Social pressure is enormously effective in getting you moving. Scheduling meaningful things to do over Christmas makes it much more likely that you will get up and out of your home and be active. Being active will help you break out of the negative cycle of thoughts and lethargy. Be honest with people around you what your needs are. We all need other people to meet our needs, but many of us have a difficult time recognising, acknowledging and expressing what it is that we need. Find someone to talk to, express your emotions and worries and perhaps schedule some ‘me’ time to start practicing Mindfulness. If spending time at Christmas with a particular individual really upsets you, stop doing it. Spend time with people you like.
Worried about the financial cost of Christmas? Money worries keep people up at night, but they will still spend money at Christmas. It sounds trite, but talk to your family and make a plan based on the reality of your circumstances. Next year does not need to start out with an overdraft, payday loan or unpaid bills. Money management is critically important in managing depressive episodes in the months following Christmas. Discussing your money management within the frame of managing your depression is not a sign of weakness or letting people down; rather it is a sign of strength because you are taking responsibility for your own health and wellbeing.

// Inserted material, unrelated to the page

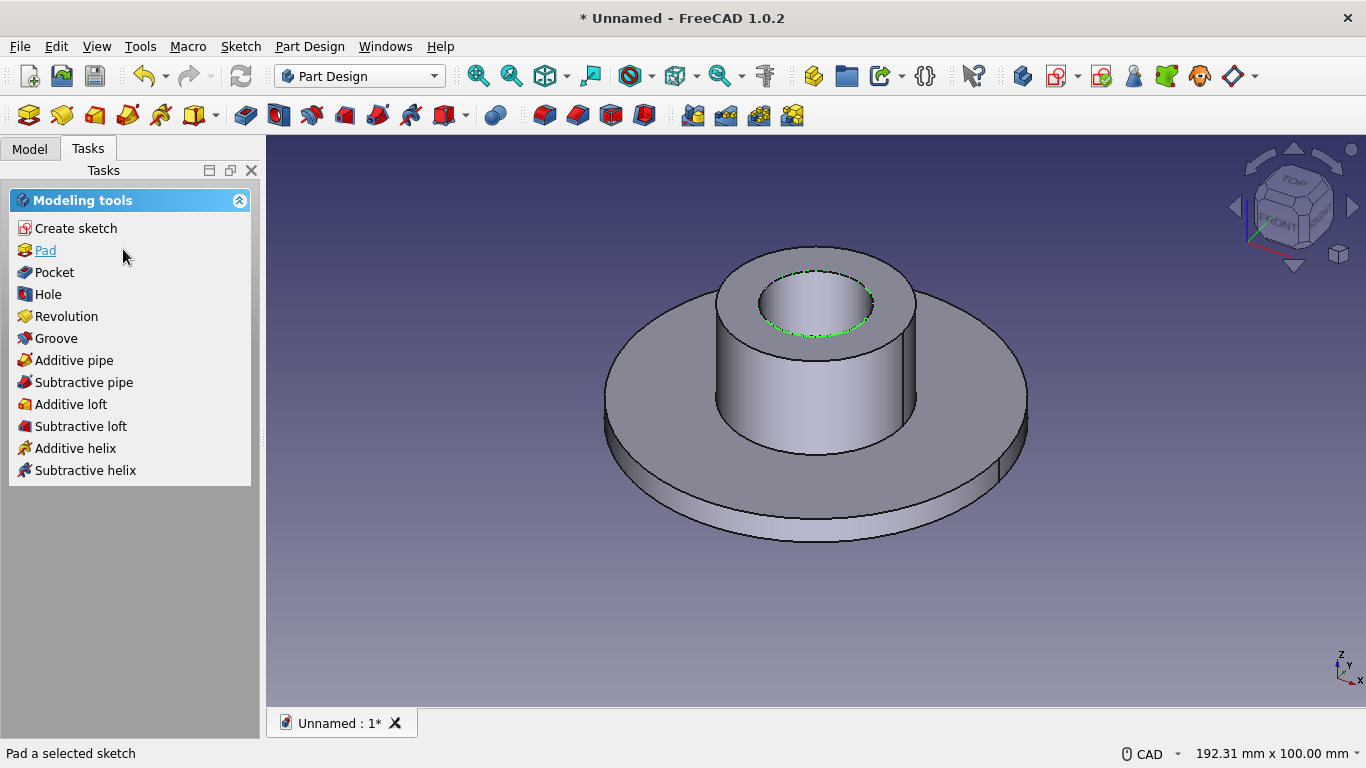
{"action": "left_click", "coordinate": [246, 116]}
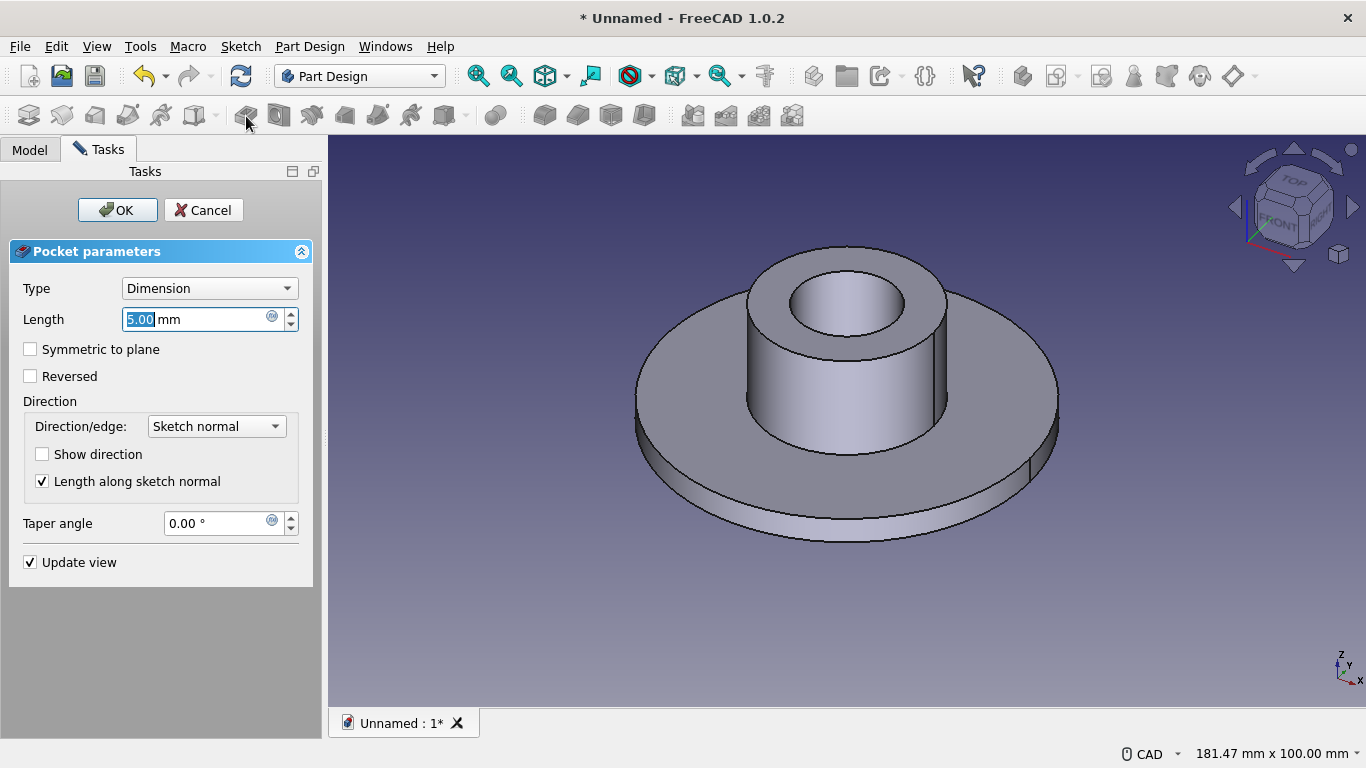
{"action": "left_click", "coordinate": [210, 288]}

A few less gifts on Christmas day will not be as difficult to manage as days and weeks of low mood.
If you find it hard work preparing Christmas lunch, don’t give yourself such a hard time. We are not all a Nigella or a Jamie and remember that the whole point of the Christmas dinner ceremony is to be together, not carry out a critical review of the gravy or the temperature of the plates; something my mother-in-law did one year. Most of all, find or create and focus on your own Christmas rituals and cherish them, even if that means you just don’t do Christmas much at all.